I wish happy birthday to Gene!

Yesterday, Leonard Susskind and his exp(exp(exp(exp(120)))) clones in the hypermultiverse celebrated their 71st birthday, congratulations, too.

Your humble correspondent has just returned from another celebration - of the Czech President's 70th birthday - which took place at the Prague Castle. Václav Klaus is an unmatched heavyweight of Czech politics. Having spent more than 21 years at the very top of the Czech politics, he has already beaten the founder of Czechoslovakia, Tomáš Garrigue Masaryk, who was our president for 17 years (1918-1935). Well, just to be sure, Franz Joseph I of Austria was our emperor since 1848 to 1916 - almost 68 years. ;-)

There are many legends about Klaus's extraordinary abilities etc. Many of them sound as jokes but all of them are true. :-) Our leader is clearly in a top Olympic condition. You want to be in this shape when you're 70 - and maybe even when you're 60 or 50. :-)

In total, 54 authors have contributed to the Festschrift for Václav Klaus. About 20+ of them are Czechs; about 30+ of them are from abroad.
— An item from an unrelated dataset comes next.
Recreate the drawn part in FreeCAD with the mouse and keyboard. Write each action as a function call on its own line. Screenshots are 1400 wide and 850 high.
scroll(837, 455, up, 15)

Most of the readers will be more likely to know that latter group - so let me mention some names: Spanish ex-PM José María Aznar; geologist Bob Carter of Australia; Martin Feldstein of Harvard, an ex-adviser of Ronald Reagan; climatologist and new ice age proponent George Kukla; Nigel Lawson, baron of Blaby, chancellor of the exchuequer under Thatcher; and many others.

There are very famous names among the Czech authors, including current prime minister and many past ministers and directors of TV and so on but I am afraid that the typical TRF readers will only know your humble correspondent from the list. ;-)
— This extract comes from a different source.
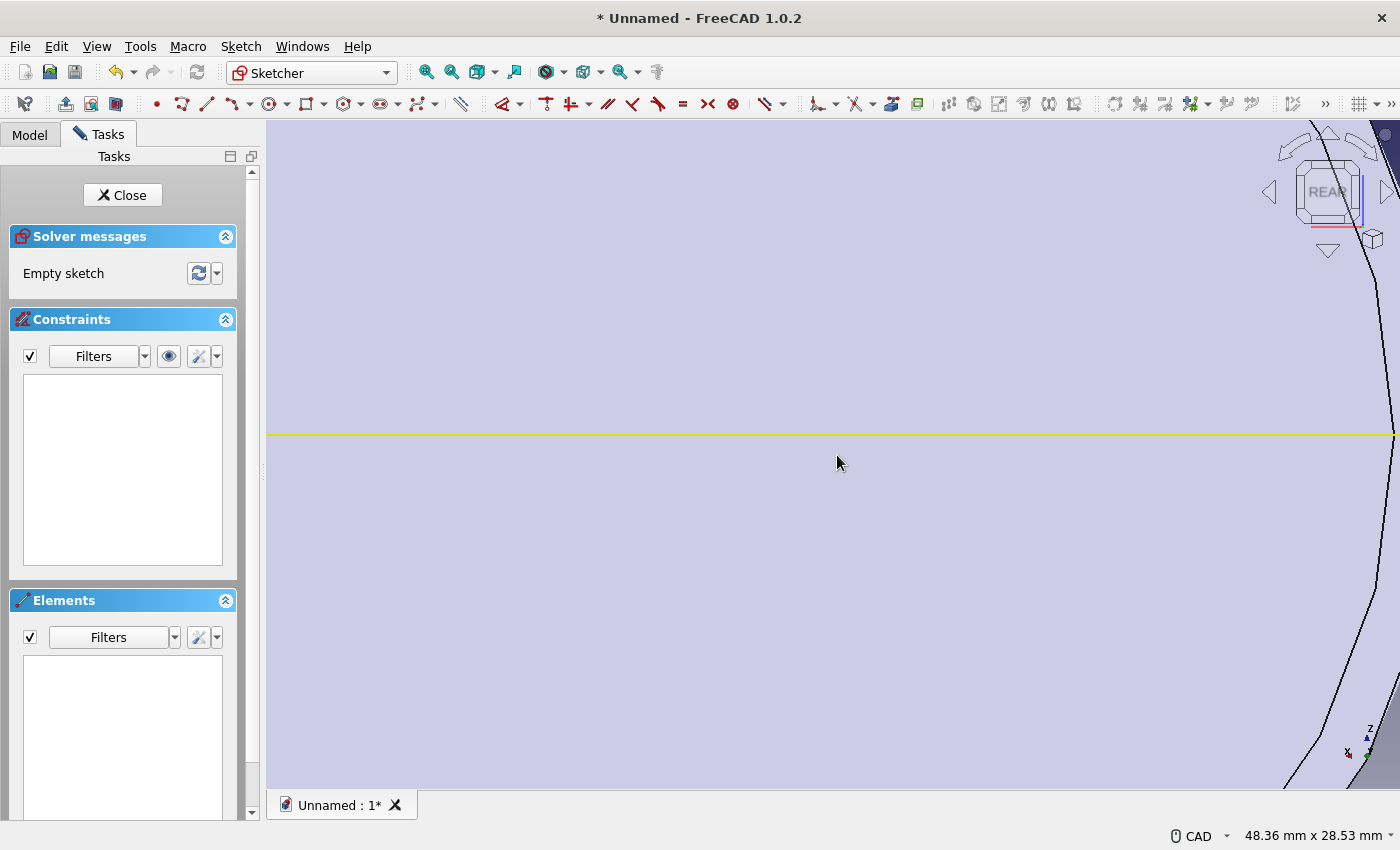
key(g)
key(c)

It was of course intimidating to be in the same Ball Game Hall of the Prague Castle. I knew almost no one. More precisely, I knew almost everyone but almost no one knew me. :-) Czech readers will know the names who were there - others are encouraged to jump to the next paragraph. I shook my hand with current PM Petr Nečas and other famous people and saw ex-PM Miloš Zeman, ex-ministers Dlouhý, Kočárník, ex KB director Salzmann, Mr Bátora, Ms Bobošíková, an a hundred of others.

Helpfully enough, there was also soil physicist and climate skeptic Prof Miroslav Kutílek who was kindly enough the only person without a standardized suit so I could chat with someone who didn't belong to the world of politics/economics, either. ;-)
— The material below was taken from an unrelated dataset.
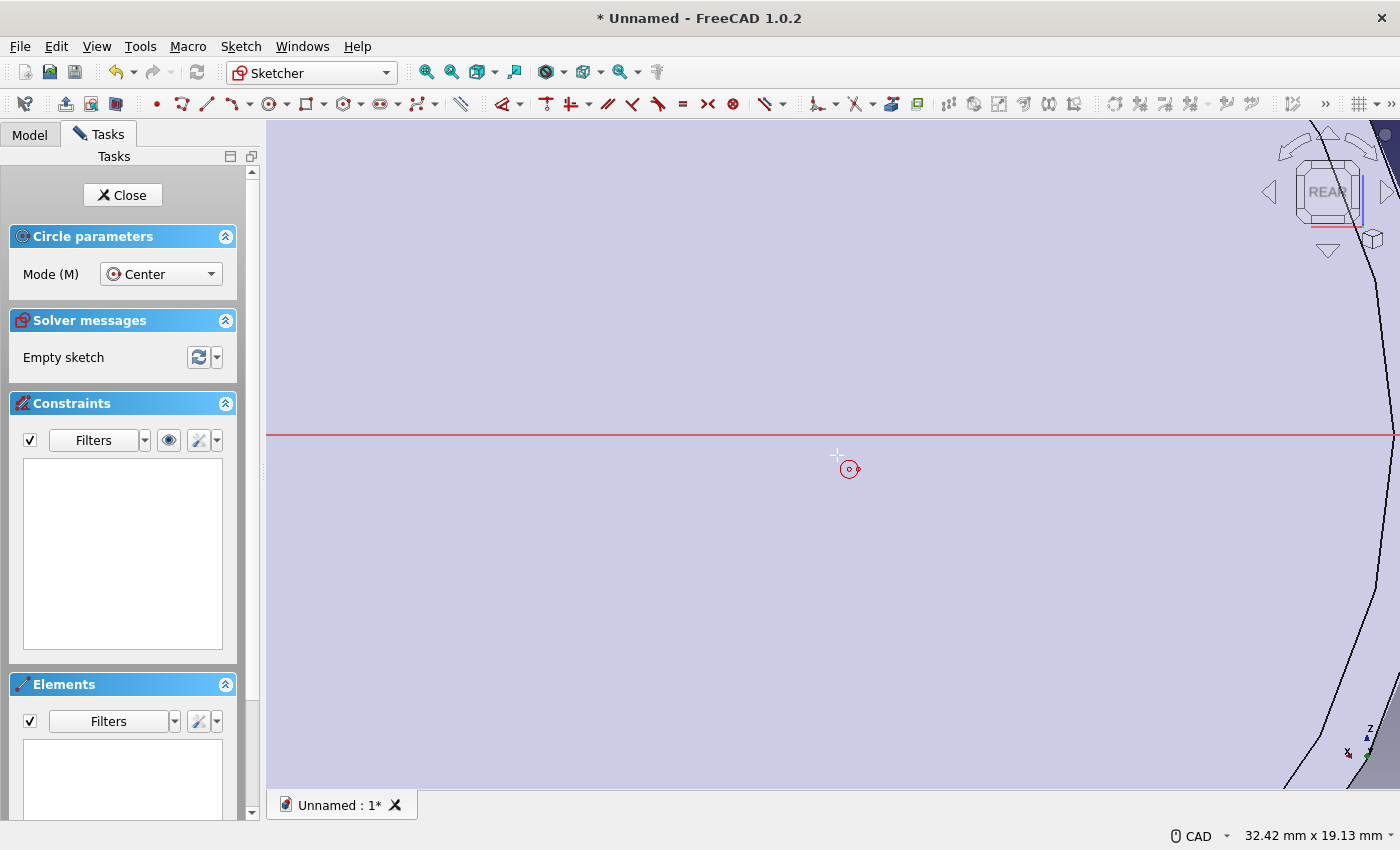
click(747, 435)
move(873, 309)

When I was giving our president my very modest gift - a somewhat fancy box with some robust but not too expensive pens, something that only maverick among his fans may dare to do haha - he praised me again for being one of the authors who actually understood how a contribution to a Festschrift should look like (it was a somewhat technical essay about the climate sensitivity). I was telling him I was grateful for the compliments but he told me that these were no compliments but rather rational analyses what he saw.

When I praise someone who has done something whose qualities I genuinely appreciate, I am actually often using the very same formulations emphasizing that what I am saying about him or her is not just some diplomatic babbling that anyone could say in any context and that didn't take any work to be determined :-). So I realized that I shouldn't be playing this silly game about pretended compliments and I told Dr Klaus that I appreciated his analysis and I believed it had be right because my analysis has also determined that I was able to adjust the genre properly while I was pretty much certain that many others could not. :-)

In the morning, I violated my unwritten rule that there should always be 40-140 spare minutes in any non-Pilsner city to waste before any event. So I had only 2 hours to move from a random place of Pilsen to the Prague Castle. More than 1 hour is taken by the bus from Pilsen to Prague. In the very bus I realized that my schedule was pretty ambitious. As a result, I was running through Prague (its subway and the vicinity of the Prague Castle) wherever I could (my estimate is that I was running for 3 kilometers at 10 km/h, with a somewhat heavy suitcase and a terribly dark suit, with 3 layers in total, something you don't want to do in 27 °C and clear sunny skies) which made me sweat in a comparable way as I do at the end of the Sunday floorball matches (floorball is a left-wing sport I dare to play). The message is to avoid experiments with things such as untested timing schemes. (I overreacted: if I spent 10 more minutes by the transfer through Prague, nothing bad would have happened - things would have been better.) There is a very good reason why I always like to have at least 40 minutes to waste before any event in Prague - to avoid looking as a marathon runner is a part of the reason.